It is clear from the tree removal plan that the proposals will have a devastating impact on individual
trees of good landscape and amenity value. The siting of the new clubhouse appears to require
the removal of 13 trees including large Beech, Oak and Horse Chestnut. This extremely
regrettable and I would only ask that the feasibility of other options has been thoroughly assessed
and sound reason is given for such loss, (note section 4 of the design and access statement).

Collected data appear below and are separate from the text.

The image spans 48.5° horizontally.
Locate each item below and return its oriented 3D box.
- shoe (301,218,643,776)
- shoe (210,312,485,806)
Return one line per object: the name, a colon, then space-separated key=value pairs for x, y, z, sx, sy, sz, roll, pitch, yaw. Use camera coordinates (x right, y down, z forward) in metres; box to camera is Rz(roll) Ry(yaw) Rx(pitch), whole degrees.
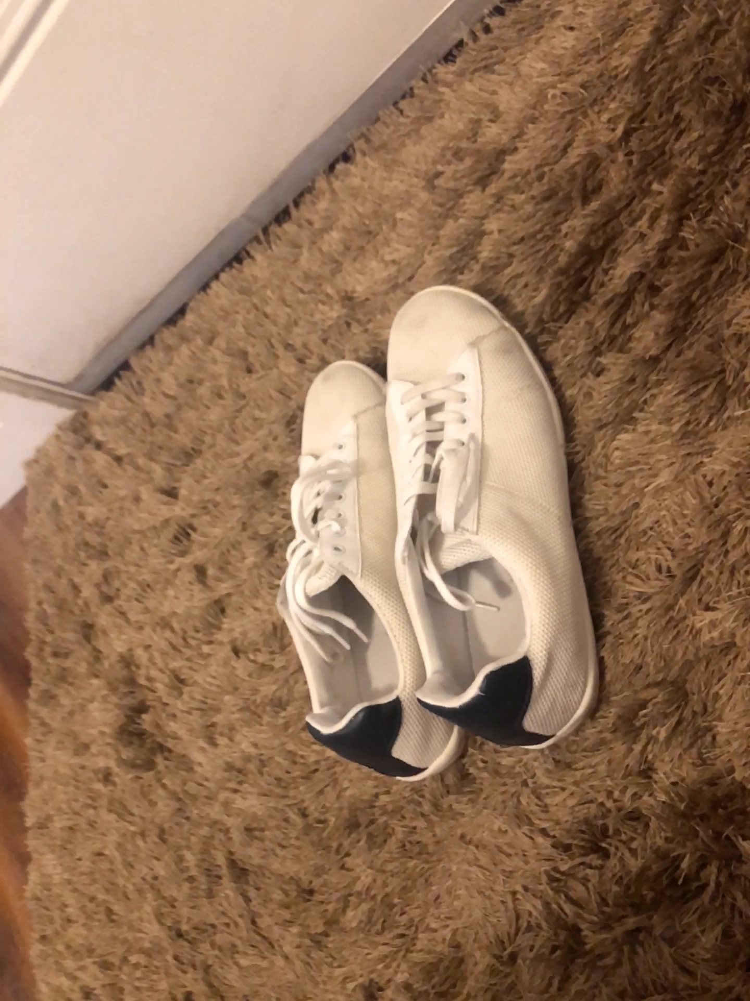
shoe: x=0.040 y=-0.001 z=0.444 sx=0.105 sy=0.079 sz=0.264 roll=-28 pitch=61 yaw=37
shoe: x=-0.025 y=0.034 z=0.500 sx=0.101 sy=0.079 sz=0.264 roll=-29 pitch=61 yaw=37
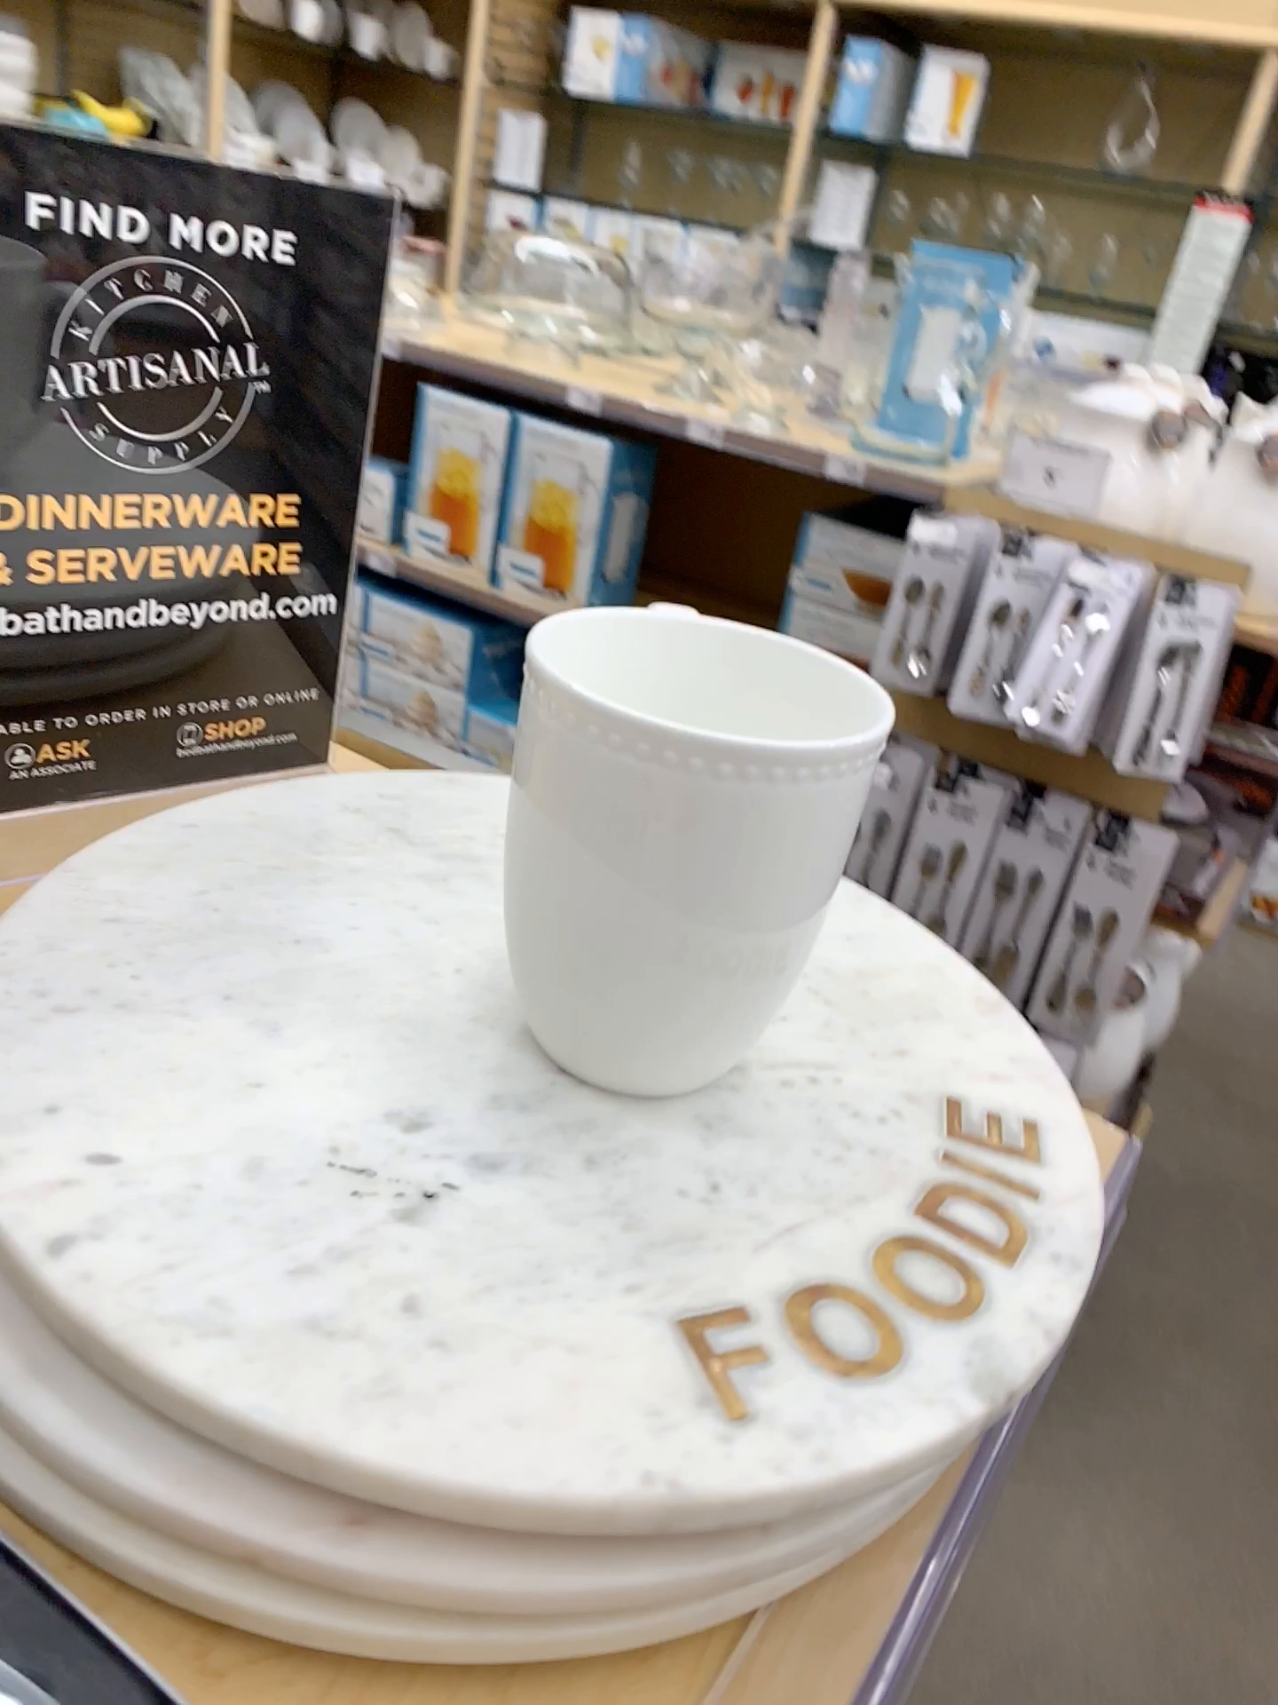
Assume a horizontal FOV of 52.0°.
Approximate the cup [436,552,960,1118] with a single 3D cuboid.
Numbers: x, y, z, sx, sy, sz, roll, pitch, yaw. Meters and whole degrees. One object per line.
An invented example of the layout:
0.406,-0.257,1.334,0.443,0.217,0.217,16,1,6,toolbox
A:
0.003,-0.010,0.341,0.096,0.093,0.126,5,26,-13,cup
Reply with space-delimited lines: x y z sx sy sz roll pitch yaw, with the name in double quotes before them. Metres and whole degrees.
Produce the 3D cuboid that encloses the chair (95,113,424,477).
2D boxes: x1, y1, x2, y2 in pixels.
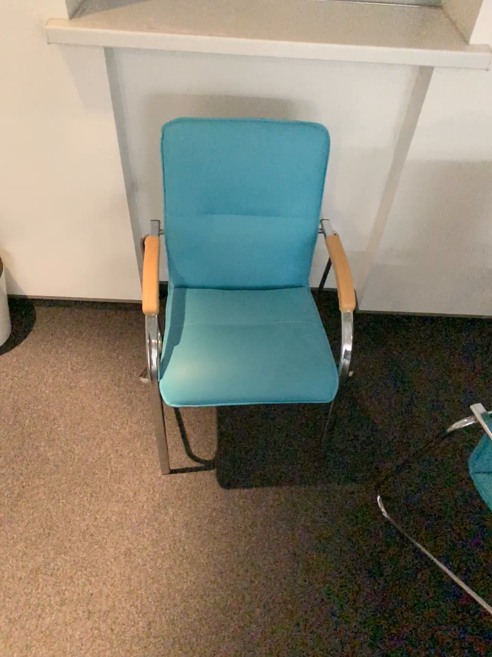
"chair" -0.007 -0.064 1.481 0.630 0.856 0.633 -1 49 -5
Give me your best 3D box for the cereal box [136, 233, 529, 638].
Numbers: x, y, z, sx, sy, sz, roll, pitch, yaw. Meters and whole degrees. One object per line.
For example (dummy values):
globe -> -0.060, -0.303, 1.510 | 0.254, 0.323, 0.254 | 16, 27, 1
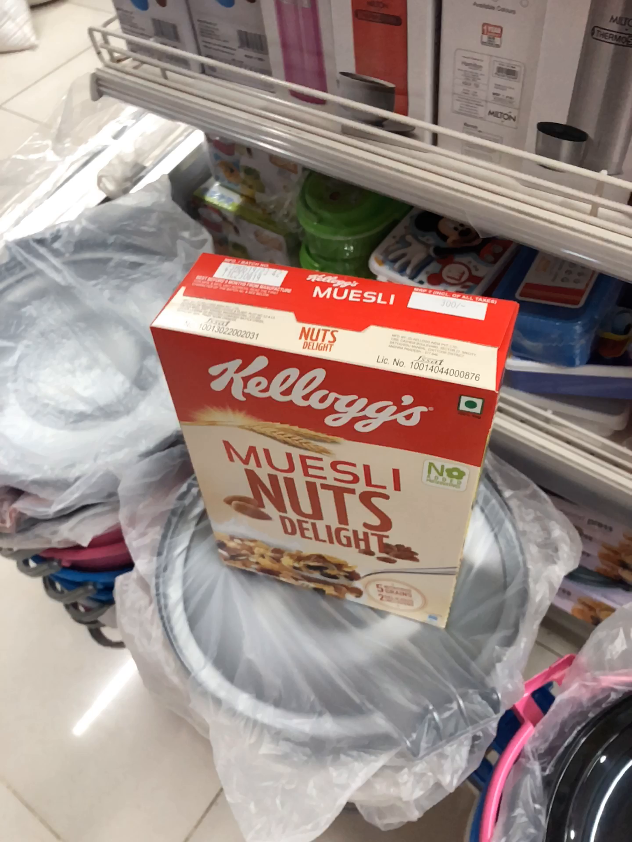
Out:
cereal box -> 0.012, 0.024, 0.460 | 0.190, 0.259, 0.070 | 14, 50, 14

Whilst the proposals show the loss of significant trees, the site itself is visually well contained by
the surrounding woodland and planting. Offsite views of the development should be reasonably
localised. Should the application be approved, I request that a long term woodland and landscape
management agreement is secured to ensure the long term benefit of this resource.

Existing tree protection

It is important that the existing trees to be retained are adequately protected from possible
development stress. Whilst on site, I noticed that some clearance work is being carried and the
brushwood burnt on site. A bonfire had been lit under the canopy of Beech tree no.106 (shown to
be retained), potentially damaging the tree. If works are already being undertaken, even if only
preparatory, I would ask that the tree protection measures, fence details, etc. are agreed with Will
Jones as soon as possible.

Also with regard to existing tree protection, I request that the proposed site plan is overlaid onto
the topographical survey base showing the accurate location and canopy spread of all the trees.
Currently the plans are not co-ordinated with each other and it is difficult to properly assess the
impact of the wider proposals on all the trees. For example, the proposed site plan does not show
existing trees nos. 106, 114,115 and 116, all of which could be impacted on by the proposals.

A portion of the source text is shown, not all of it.